The mistake is creating a DLQ per queue (my-queue-dlq, other-queue-dlq, …). Don't. One shared DLQ for the entire worker process. Terminal failure handling is the same regardless of source: log it, alert, move on.

const DEAD_LETTER_QUEUE = "worker-dead-letters";

async function handleDeadLetterJobs(jobs) {
  for (const job of jobs) {
    const output = (job.output ?? {}) as Record<string, unknown>;
    log.error({
      component: "pg-boss",
      action: "dead_letter",
      dlqJobId: job.id,
      sourceQueue: typeof output.queue === "string" ? output.queue : undefined,
      error: typeof output.message === "string" ? output.message : undefined,
      stack: typeof output.stack === "string" ? output.stack : undefined,
      payload: job.data,
      output,
    });
  }
}

async function installDeadLetterWorker(boss: PgBoss) {
  await boss.createQueue(DEAD_LETTER_QUEUE, { retryLimit: 0 });
  await boss.work(
    DEAD_LETTER_QUEUE,
    { includeMetadata: true, batchSize: 10 },
    handleDeadLetterJobs,
  );
}

Two details:

includeMetadata: true. By default pg-boss only passes { id, data } to handlers. The DLQ worker needs output (the original error). Opt in.
retryLimit: 0 on the DLQ itself. Don't retry a logger.

Then deadLetter on every other queue:

await boss.createQueue("my-queue", {
  retryLimit: 3,
  deadLetter: DEAD_LETTER_QUEUE,
});

The wrapper and the DLQ compose: the wrapper logs every failed attempt in real time, the DLQ worker logs the terminal state. You don't have to wait through retryLimit + 1 failures to know something broke, and you still get a persistent record once it does die.

`singleton` is not exactly-once

I called this exactly-once when I first wired it up. It isn't.

pg-boss queue policies are mutual-exclusion rules, not delivery guarantees:

Policy	Rule
`standard`	Default. No restrictions.
`short`	At most 1 queued job. Unlimited active.
`singleton`	At most 1 active job. Unlimited queued.
`stately`	At most 1 per state (queued and active).
`exclusive`	At most 1 total (queued or active).
`key_strict_fifo`	Strict FIFO ordering per `singletonKey`.

singleton means "no two instances of this queue's job run concurrently." If a 07:00 cron run is still going at 10:00, the 10:00 instance queues and waits. That's the whole guarantee.

It's still useful — for cron jobs that can run longer than their interval, singleton prevents two workers from racing to write the same rows. But it doesn't make pg-boss exactly-once.
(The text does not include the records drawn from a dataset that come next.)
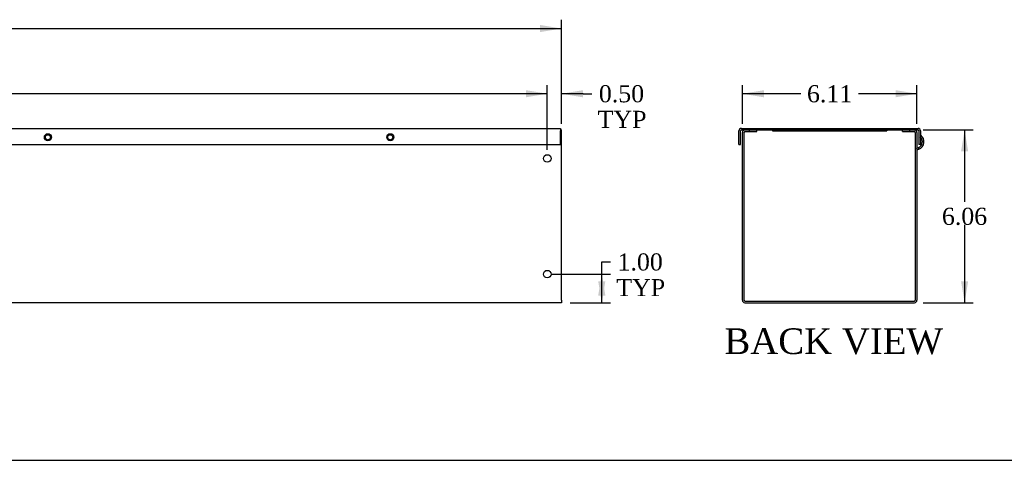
# Model space of a CAD drawing. Header units: inches. Extents: x 0 to 120, y -1 to 80.
# Tile 2 of 3: x 60 to 95, y 0 to 16. Entities that reach past the tile are written whole.
import ezdxf
from ezdxf.enums import TextEntityAlignment as Align

# ---------------------------------------------------------------- set-up
doc = ezdxf.new("R2010")
doc.units = ezdxf.units.IN
doc.header["$MEASUREMENT"] = 0
for name, color, linetype in [('COM55543-19', 7, 'Continuous'), ('COM56298-12', 7, 'Continuous'), ('Default', 7, 'Continuous'), ('QLB20316', 7, 'Continuous')]:
    doc.layers.add(name, color=color, linetype=linetype)
doc.styles.add('SEACAD_Times_New_Roman', font='times.ttf')
doc.dimstyles.new('HAMMOND_(STH_-_120x80)', dxfattribs={"dimtxt": 0.6, "dimasz": 0.75, "dimexe": 0.3, "dimexo": 0.3, "dimgap": 0.15, "dimtad": 0, "dimtih": 1, "dimtoh": 1, "dimzin": 0, "dimdsep": 46, "dimtxsty": 'SEACAD_Times_New_Roman', "dimblk1": '_SE_FILLED', "dimblk2": '_SE_FILLED', "dimsah": 1, "dimcen": 0.3, "dimadec": 0, "dimazin": 0, "dimtfac": 0.8, "dimtofl": 0, "dimtmove": 0, "dimatfit": 3, "dimfxl": 1, "dimtolj": 1, "dimtzin": 0, "dimarcsym": 0})

# ---------------------------------------------------------------- blocks, each defined once
blk = doc.blocks.new('SE3')
at = {"layer": 'COM55543-19', "color": 7, "linetype": 'Continuous'}
for p, q in [((19.1149800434, 11.8766961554), (79.0524800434, 11.8766961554)), ((79.0524800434, 11.8766961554), (79.0524800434, 11.7906961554)), ((79.0524800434, 11.3146961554), (79.0524800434, 11.7906961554)), ((19.1149800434, 11.3146961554), (79.0524800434, 11.3146961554))]:
    blk.add_line(p, q, dxfattribs=at)
for centre in [(61.0836050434, 11.5646961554), (73.0834800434, 11.5646961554)]:
    blk.add_circle(centre, 0.125, dxfattribs=at)
at = {"layer": 'COM56298-12', "color": 7, "linetype": 'Continuous'}
for p, q in [((79.0524800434, 11.8196961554), (79.0837300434, 11.8196961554)), ((79.0837300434, 11.7336961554), (79.0837300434, 11.8196961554)), ((79.0837300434, 5.8486961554), (79.0837300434, 11.7336961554)), ((79.0837300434, 5.7626961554), (19.0837300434, 5.7626961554)), ((79.0837300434, 5.8486961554), (79.0837300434, 5.7626961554))]:
    blk.add_line(p, q, dxfattribs=at)
for centre, radius in [((61.0837300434, 11.5646961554), 0.0885), ((73.0837300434, 11.5646961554), 0.0885), ((78.5837300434, 10.8196961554), 0.133), ((78.5837300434, 6.7626961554), 0.133)]:
    blk.add_circle(centre, radius, dxfattribs=at)
blk = doc.blocks.new('SE4')
at = {"layer": 'COM55543-19', "color": 7, "linetype": 'Continuous'}
for p, q in [((85.3017678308, 11.3146961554), (85.3017678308, 11.7906961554)), ((85.3587678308, 11.3146961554), (85.3587678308, 11.7906961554)), ((85.3877678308, 11.8766961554), (91.5797678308, 11.8766961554)), ((85.3877678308, 11.8196961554), (85.5127678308, 11.8196961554)), ((85.6767678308, 11.8196961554), (91.2907678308, 11.8196961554)), ((91.4547678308, 11.8196961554), (91.5797678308, 11.8196961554)), ((91.6087678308, 11.7906961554), (91.6087678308, 11.3146961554)), ((91.6657678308, 11.7906961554), (91.6657678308, 11.3146961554)), ((85.3017678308, 11.3146961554), (85.3587678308, 11.3146961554)), ((91.6657678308, 11.3146961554), (91.6087678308, 11.3146961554))]:
    blk.add_line(p, q, dxfattribs=at)
for centre, radius, start, end in [((85.3877678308, 11.7906961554), 0.0860000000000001, 90, 180), ((85.3877678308, 11.7906961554), 0.0290000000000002, 90, 180), ((91.5797678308, 11.7906961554), 0.0860000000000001, 0, 90), ((91.5797678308, 11.7906961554), 0.0290000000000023, 0, 89.9999999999)]:
    blk.add_arc(centre, radius, start, end, dxfattribs=at)
at = {"layer": 'COM56298-12', "color": 7, "linetype": 'Continuous'}
for p, q in [((85.4267678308, 5.8486961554), (85.4267678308, 11.7336961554)), ((85.4837678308, 5.8486961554), (85.4837678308, 11.7336961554)), ((85.5127678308, 11.8196961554), (85.6767678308, 11.8196961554)), ((85.5127678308, 11.7626961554), (85.6767678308, 11.7626961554)), ((85.6767678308, 11.7626961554), (85.6767678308, 11.8196961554)), ((85.6767678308, 11.7626961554), (85.9267678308, 11.7626961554)), ((85.9267678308, 11.7626961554), (85.9267678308, 11.8196961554)), ((91.0407678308, 11.7626961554), (91.0407678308, 11.8196961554)), ((91.0407678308, 11.7626961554), (91.2907678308, 11.7626961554)), ((91.2907678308, 11.8196961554), (91.4547678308, 11.8196961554)), ((91.2907678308, 11.7626961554), (91.2907678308, 11.8196961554)), ((91.2907678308, 11.7626961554), (91.4547678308, 11.7626961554)), ((91.4837678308, 11.7336961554), (91.4837678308, 5.8486961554)), ((91.5407678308, 11.7336961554), (91.5407678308, 5.8486961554)), ((91.6657678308, 11.6222440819), (91.6737678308, 11.6335020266)), ((91.5883222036, 11.1992186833), (91.5407678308, 11.1819103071)), ((91.5598492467, 11.1281972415), (91.5407678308, 11.1806230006)), ((91.6078173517, 11.1456562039), (91.5598492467, 11.1281972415)), ((91.5883222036, 11.1992186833), (91.6078173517, 11.1456562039)), ((85.5127678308, 5.8196961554), (91.4547678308, 5.8196961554)), ((85.5127678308, 5.7626961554), (91.4547678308, 5.7626961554))]:
    blk.add_line(p, q, dxfattribs=at)
for centre, radius, start, end in [((85.5127678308, 11.7336961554), 0.0860000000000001, 90, 180), ((85.5127678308, 11.7336961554), 0.0290000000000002, 90, 180), ((91.4547678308, 11.7336961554), 0.0860000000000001, 0, 90), ((91.4547678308, 11.7336961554), 0.0290000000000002, 0, 90), ((91.51273575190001, 11.4068907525), 0.2209999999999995, 290, 45.6725038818), ((91.51273575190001, 11.4068907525), 0.2779999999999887, 290, 54.6020447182), ((91.5697678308, 11.1009461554), 0.029000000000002, 110, 180), ((85.5127678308, 5.8486961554), 0.0860000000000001, 180, 270), ((85.5127678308, 5.8486961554), 0.0290000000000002, 180, 270), ((91.4547678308, 5.8486961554), 0.086, 270, 0), ((91.4547678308, 5.8486961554), 0.029, 270, 0)]:
    blk.add_arc(centre, radius, start, end, dxfattribs=at)
at = {"layer": 'QLB20316', "color": 7, "linetype": 'Continuous'}
for p, q in [((86.4837678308, 11.8196961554), (86.4837678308, 11.7896961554)), ((86.4837678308, 11.7896961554), (86.8587678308, 11.7896961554)), ((86.8587678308, 11.7896961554), (90.1087678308, 11.7896961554)), ((90.1087678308, 11.7896961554), (90.4837678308, 11.7896961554)), ((90.4837678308, 11.8196961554), (90.4837678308, 11.7896961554))]:
    blk.add_line(p, q, dxfattribs=at)
blk = doc.blocks.new('DMBLK1578')
at = {"layer": 'Default', "linetype": 'Continuous', "transparency": 16777216}
for points in [[(80.62045916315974, 6.012696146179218), (80.49545916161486, 6.762696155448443), (80.37045916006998, 6.012696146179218)], [(80.62045916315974, 6.51269616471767), (80.37045916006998, 6.51269616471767), (80.49545916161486, 5.762696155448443)]]:
    blk.add_hatch(color=7, dxfattribs=at).paths.add_polyline_path(points)
at = {"layer": 'Default', "color": 7, "linetype": 'Continuous', "transparency": 16777216}
for p, q in [((80.4954591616, 7.1910528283), (80.7954591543, 7.1910528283)), ((80.4954591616, 5.7626961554), (80.4954591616, 7.1910528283)), ((78.7507300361, 6.7626961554), (80.7954591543, 6.7626961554)), ((79.38373003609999, 5.7626961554), (80.7954591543, 5.7626961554))]:
    blk.add_line(p, q, dxfattribs=at)
at = {"layer": 'Default', "color": 7, "linetype": 'Continuous', "transparency": 16777216, "style": 'SEACAD_Times_New_Roman'}
for s, p in [('1.00', (81.0481131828, 7.491052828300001)), ('TYP', (81.0054591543, 6.5910528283))]:
    blk.add_text(s, height=0.6, dxfattribs=at).set_placement(p, align=Align.TOP_LEFT)
blk = doc.blocks.new('_SE_FILLED')
at = {"color": 0}
blk.add_line((0, 0), (-1, 0), dxfattribs=at)
blk.add_solid([(0, 0), (-1, -0.1665), (-1, 0.1665), (0, 0)], dxfattribs=at)
blk = doc.blocks.new('DMBLK1579')
at = {"layer": 'Default', "linetype": 'Continuous', "transparency": 16777216}
for points in [[(77.83373003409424, 13.21613393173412), (77.83373003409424, 12.96613392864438), (78.58373004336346, 13.09113393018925)], [(79.83373005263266, 13.21613393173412), (79.08373004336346, 13.09113393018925), (79.83373005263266, 12.96613392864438)]]:
    blk.add_hatch(color=7, dxfattribs=at).paths.add_polyline_path(points)
at = {"layer": 'Default', "color": 7, "linetype": 'Continuous', "transparency": 16777216}
for p, q in [((78.5837300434, 11.1196961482), (78.5837300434, 13.3911339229)), ((79.0837300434, 12.0336959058), (79.0837300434, 13.3911339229)), ((78.5837300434, 13.0911339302), (77.08373002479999, 13.0911339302)), ((79.8412225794, 13.0911339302), (79.0837300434, 13.0911339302)), ((79.8412225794, 13.0911339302), (80.1412225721, 13.0911339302))]:
    blk.add_line(p, q, dxfattribs=at)
at = {"layer": 'Default', "color": 7, "linetype": 'Continuous', "transparency": 16777216, "style": 'SEACAD_Times_New_Roman'}
for s, p in [('0.50', (80.39387660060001, 13.3911339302)), ('TYP', (80.3512225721, 12.4911339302))]:
    blk.add_text(s, height=0.6, dxfattribs=at).set_placement(p, align=Align.TOP_LEFT)
blk = doc.blocks.new('DMBLK1580')
at = {"layer": 'Default', "linetype": 'Continuous', "transparency": 16777216}
for points in [[(20.33373005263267, 13.21613398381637), (19.58373004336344, 13.0911339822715), (20.33373005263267, 12.96613398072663)], [(77.83373003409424, 13.21613398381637), (77.83373003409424, 12.96613398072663), (78.58373004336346, 13.0911339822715)]]:
    blk.add_hatch(color=7, dxfattribs=at).paths.add_polyline_path(points)
at = {"layer": 'Default', "color": 7, "linetype": 'Continuous', "transparency": 16777216}
for p, q in [((19.5837300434, 11.2526961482), (19.5837300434, 13.391133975)), ((78.5837300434, 11.1196961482), (78.5837300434, 13.391133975)), ((47.8500336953, 13.0911339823), (19.5837300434, 13.0911339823)), ((78.5837300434, 13.0911339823), (50.31742639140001, 13.0911339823))]:
    blk.add_line(p, q, dxfattribs=at)
at = {"layer": 'Default', "color": 7, "linetype": 'Continuous', "transparency": 16777216, "style": 'SEACAD_Times_New_Roman'}
blk.add_text('59.00', height=0.6, dxfattribs=at).set_placement((48.0600332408, 13.3911339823), align=Align.TOP_LEFT)
blk = doc.blocks.new('DMBLK1581')
at = {"layer": 'Default', "linetype": 'Continuous', "transparency": 16777216}
for points in [[(86.176767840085, 13.21613386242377), (85.4267678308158, 13.0911338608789), (86.176767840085, 12.96613385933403)], [(90.79076782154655, 13.21613386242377), (90.79076782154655, 12.96613385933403), (91.5407678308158, 13.0911338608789)]]:
    blk.add_hatch(color=7, dxfattribs=at).paths.add_polyline_path(points)
at = {"layer": 'Default', "color": 7, "linetype": 'Continuous', "transparency": 16777216}
for p, q in [((85.4267678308, 12.0336961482), (85.4267678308, 13.3911338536)), ((91.5407678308, 12.0336961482), (91.5407678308, 13.3911338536)), ((87.4775593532, 13.0911338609), (85.4267678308, 13.0911338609)), ((91.5407678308, 13.0911338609), (89.4899764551, 13.0911338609))]:
    blk.add_line(p, q, dxfattribs=at)
at = {"layer": 'Default', "color": 7, "linetype": 'Continuous', "transparency": 16777216, "style": 'SEACAD_Times_New_Roman'}
blk.add_text('6.11', height=0.6, dxfattribs=at).set_placement((87.6875593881, 13.3911338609), align=Align.TOP_LEFT)
blk = doc.blocks.new('DMBLK1582')
at = {"layer": 'Default', "linetype": 'Continuous', "transparency": 16777216}
for points in [[(93.33817895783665, 11.06969614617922), (93.21317895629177, 11.81969615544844), (93.08817895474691, 11.06969614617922)], [(93.33817895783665, 6.51269616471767), (93.08817895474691, 6.51269616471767), (93.21317895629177, 5.762696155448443)]]:
    blk.add_hatch(color=7, dxfattribs=at).paths.add_polyline_path(points)
at = {"layer": 'Default', "color": 7, "linetype": 'Continuous', "transparency": 16777216}
for p, q in [((91.754767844, 11.8196961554), (93.513178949, 11.8196961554)), ((93.2131789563, 11.8196961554), (93.2131789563, 9.301196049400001)), ((93.2131789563, 8.491196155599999), (93.2131789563, 5.7626961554)), ((91.7547678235, 5.7626961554), (93.513178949, 5.7626961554))]:
    blk.add_line(p, q, dxfattribs=at)
at = {"layer": 'Default', "color": 7, "linetype": 'Continuous', "transparency": 16777216, "style": 'SEACAD_Times_New_Roman'}
blk.add_text('6.06', height=0.6, dxfattribs=at).set_placement((92.4169704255, 9.0911961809), align=Align.TOP_LEFT)
blk = doc.blocks.new('DMBLK1584')
at = {"layer": 'Default', "linetype": 'Continuous', "transparency": 16777216}
for points in [[(19.83373005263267, 15.50255047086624), (19.08373004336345, 15.37755046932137), (19.83373005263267, 15.2525504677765)], [(78.33373003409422, 15.50255047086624), (78.33373003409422, 15.2525504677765), (79.08373004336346, 15.37755046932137)]]:
    blk.add_hatch(color=7, dxfattribs=at).paths.add_polyline_path(points)
at = {"layer": 'Default', "color": 7, "linetype": 'Continuous', "transparency": 16777216}
for p, q in [((19.0837300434, 9.0911961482), (19.0837300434, 15.677550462)), ((79.0837300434, 12.0336959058), (79.0837300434, 15.677550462)), ((19.0837300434, 15.3775504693), (47.85003453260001, 15.3775504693)), ((50.3174279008, 15.3775504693), (79.0837300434, 15.3775504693))]:
    blk.add_line(p, q, dxfattribs=at)
at = {"layer": 'Default', "color": 7, "linetype": 'Continuous', "transparency": 16777216, "style": 'SEACAD_Times_New_Roman'}
blk.add_text('60.00', height=0.6, dxfattribs=at).set_placement((48.0600343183, 15.6775504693), align=Align.TOP_LEFT)
blk = doc.blocks.new('BORDER')
at = {"layer": 'Default', "color": 7, "linetype": 'Continuous'}
blk.add_line((-41.86, 0), (0, 0), dxfattribs=at)

msp = doc.modelspace()

# ---------------------------------------------------------------- block references
at = {"layer": 'Default', "color": 7, "xscale": 2.85, "yscale": 2.85, "zscale": 2.85}
msp.add_blockref('BORDER', (119.7441388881, 0.233407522), dxfattribs=at)
at = {"layer": 'Default'}
for name in ['SE3', 'SE4']:
    msp.add_blockref(name, (0, 0), dxfattribs=at)

# ---------------------------------------------------------------- texts
at = {"layer": 'Default', "color": 7, "linetype": 'Continuous', "style": 'SEACAD_Times_New_Roman'}
msp.add_text('BACK VIEW', height=0.9, dxfattribs=at).set_placement((84.7926972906, 4.8626961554), align=Align.TOP_LEFT)

# ---------------------------------------------------------------- dimensions: what is measured, and where the dimension line sits
at = {"layer": 'Default', "color": 7, "linetype": 'Continuous'}
for base, p1, p2, picture, middle in [((79.0837300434, 15.3775504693), (19.0837300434, 8.7911961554), (79.0837300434, 5.8486961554), 'DMBLK1584', (49.0837310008, 15.3775504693)), ((19.5837300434, 13.0911339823), (78.5837300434, 10.8196961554), (19.5837300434, 10.9526961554), 'DMBLK1580', (49.0837299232, 13.0911339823)), ((85.4267678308, 13.0911338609), (91.5407678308, 11.7336961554), (85.4267678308, 11.7336961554), 'DMBLK1581', (88.4837679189, 13.0911338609))]:
    dim = msp.add_linear_dim(base=base, p1=p1, p2=p2, text='\\A1;<>', dimstyle='HAMMOND_(STH_-_120x80)', dxfattribs=at)
    dim.commit()
    dim.dimension.update_dxf_attribs({"geometry": picture, "text_midpoint": middle, "dimtype": 160})
dim = msp.add_linear_dim(base=(78.5837300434, 13.0911339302), p1=(79.0837300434, 5.8486961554), p2=(78.5837300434, 10.8196961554), text='\\A1;<>\\PTYP', dimstyle='HAMMOND_(STH_-_120x80)', override={"dimtmove": 1}, dxfattribs=at)
dim.commit()
dim.dimension.update_dxf_attribs({"geometry": 'DMBLK1579', "text_midpoint": (80.1412225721, 13.0911339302), "dimtype": 160})
dim = msp.add_linear_dim(base=(93.2131789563, 5.7626961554), p1=(91.2907678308, 11.8196961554), p2=(91.4547678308, 5.7626961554), angle=90, text='\\A1;<>', dimstyle='HAMMOND_(STH_-_120x80)', dxfattribs=at)
dim.commit()
dim.dimension.update_dxf_attribs({"geometry": 'DMBLK1582', "text_midpoint": (93.2131789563, 8.7911961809), "dimtype": 160})
dim = msp.add_linear_dim(base=(80.4954591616, 6.7626961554), p1=(79.0837300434, 5.7626961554), p2=(78.4507300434, 6.7626961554), angle=90, text='\\A1;<>\\PTYP', dimstyle='HAMMOND_(STH_-_120x80)', override={"dimtmove": 1}, dxfattribs=at)
dim.commit()
dim.dimension.update_dxf_attribs({"geometry": 'DMBLK1578', "text_midpoint": (80.7954591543, 7.1910528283), "dimtype": 160})

doc.saveas('drawing.dxf')

pg-boss is at-least-once. If a worker crashes between processing and acking, the same job runs again on the next worker. That's true for every distributed queue worth using. If you need the effect of exactly-once, write idempotent handlers — natural keys, ON CONFLICT DO NOTHING, version columns, compare-and-set. The queue policy is concurrency, not correctness.

await boss.createQueue("sync-referrals-to-excel", {
  retryLimit: 3,
  policy: "singleton",            // serialize concurrent runs
  deadLetter: DEAD_LETTER_QUEUE,
});

Putting it together

const boss = new PgBoss(connectionString);

// Listeners BEFORE start, so errors during startup are caught.
installPgBossListeners(boss);
await boss.start();

// DLQ worker AFTER start.
await installDeadLetterWorker(boss);

// Every queue: deadLetter. Every handler: wrapper.
await boss.createQueue("my-queue", {
  retryLimit: 3,
  deadLetter: DEAD_LETTER_QUEUE,
});
await boss.work(
  "my-queue",
  withErrorLogging("my-queue", async () => {
    await doStuff();
  }),
);

Four primitives: installPgBossListeners, installDeadLetterWorker, withErrorLogging, deadLetter: DEAD_LETTER_QUEUE. Wire it once in a shared module and install it from every worker.

When you still need to look in the database

select id, state, retrycount, output, started_on, completed_on
from pgboss.job
where name = 'my-queue'
order by created_on desc
limit 10;

output is JSONB. If you throw structured errors, the full structure lands there and is queryable. With the setup above you shouldn't need this for live monitoring, but it's still the right tool for post-mortems on jobs that died days ago. This query is how I found the 403 that started this post.